When you know that God doesn't close one door without opening another door, then it feels easier to somehow understand all the changes that are happening with me.
The other bit of information that I have read lately is that this is the year about me. I have always done what others have wanted me to do for years. I needed to do this to be the mother/wife/friend I needed to be, but now I am ready for this year to be about me.
What is it I really want? What is it that I really need to do? There are no limits either self imposed or imposed by anyone else. I have no time frame. There is no structure and guidelines that I will follow. I will just follow my nose for when you open the doors, the beginnings of the newness will flow towards you.

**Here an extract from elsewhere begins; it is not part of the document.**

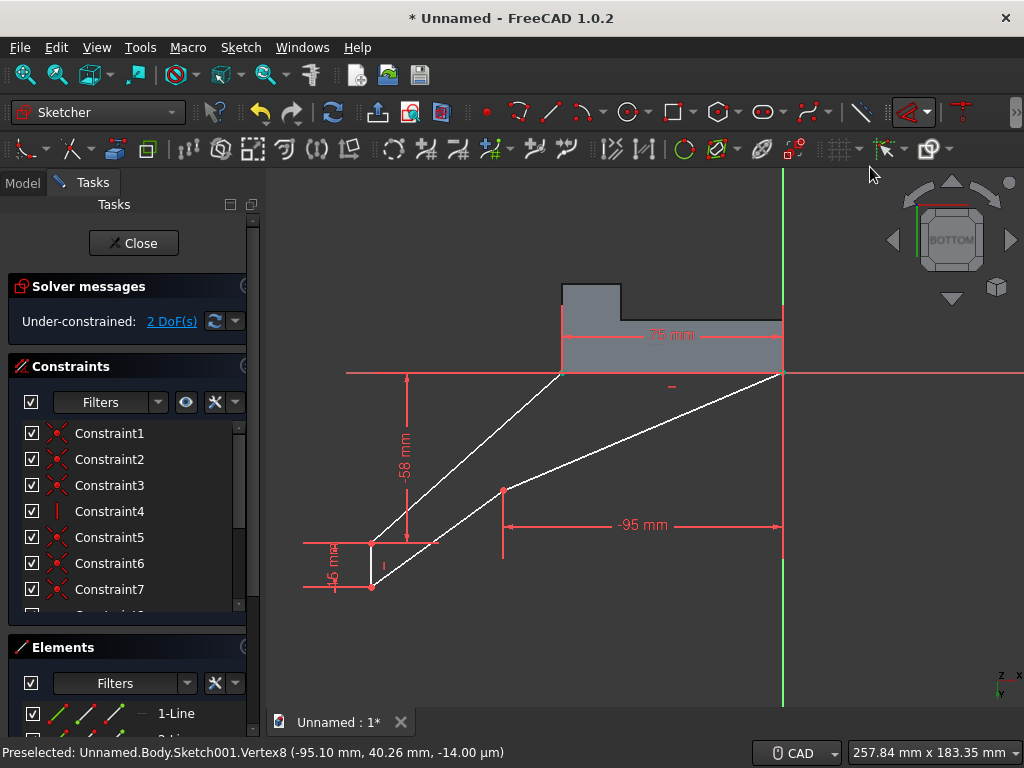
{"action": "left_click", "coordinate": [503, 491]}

I have always wanted/needed to control all of everything around me. I would mistrust others to do anything that needed to be done. Slowly, but no...

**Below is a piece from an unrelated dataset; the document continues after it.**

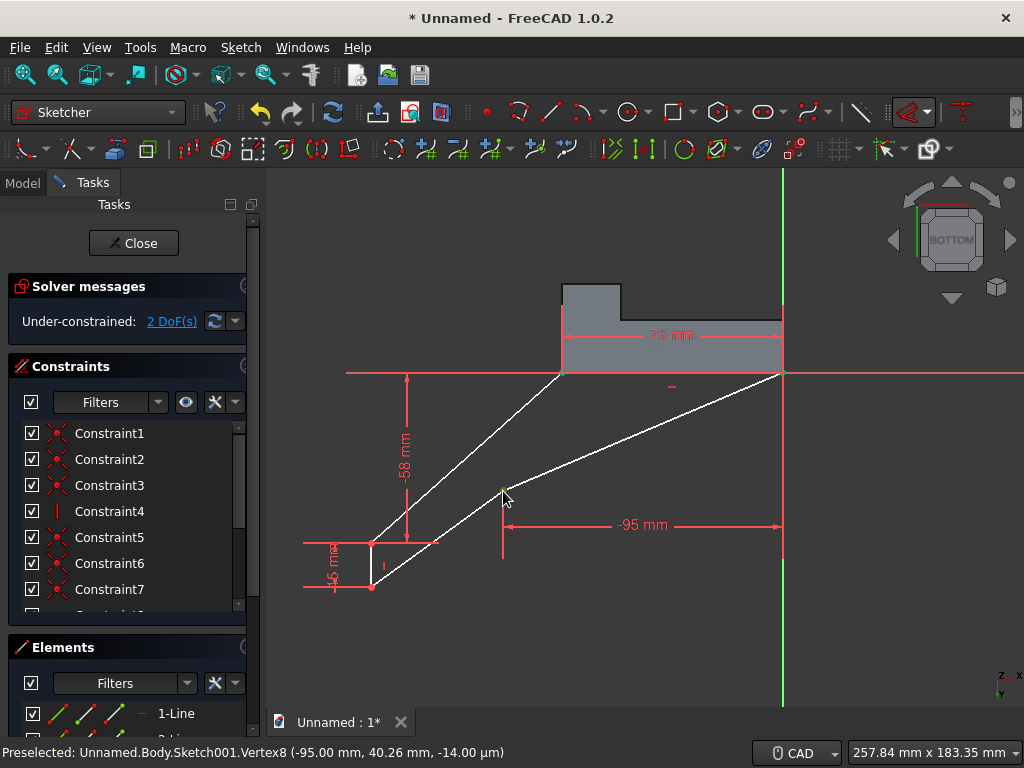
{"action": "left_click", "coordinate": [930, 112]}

Not slowly, quite quickly for me, I have allowed things to happen that I have felt no need to control. I have been happy to just sit back and watch what happens. This has been most evident with my children. I put many years of good, hard work into them to allow them to be the adults that they are now. I now have to let them fly. Not hover over the top of them. They deserve to be able to live a life free of encumbrances and people imparting well mentioned advise which is just nostalgia from their pasts, free to live a life of fullness and wonder. The releasing of the bonds has allowed me the luxury of living a life of wonder and newness for me.
I have enrolled in my first course. I am completing a certificate in Reiki 1. I am really looking forward to this course and even though I want to wonder what I will do next, where I will be in 5 years, how will this affect my life, I am not. I am just going to enjoy today and I work through the stages of my past and complete, honor and either set free or display. As I work through these stages, I can remember, honor and bless them for they are the things and people who have made me as I am today....the good and the bad.
Ti Hita Karana.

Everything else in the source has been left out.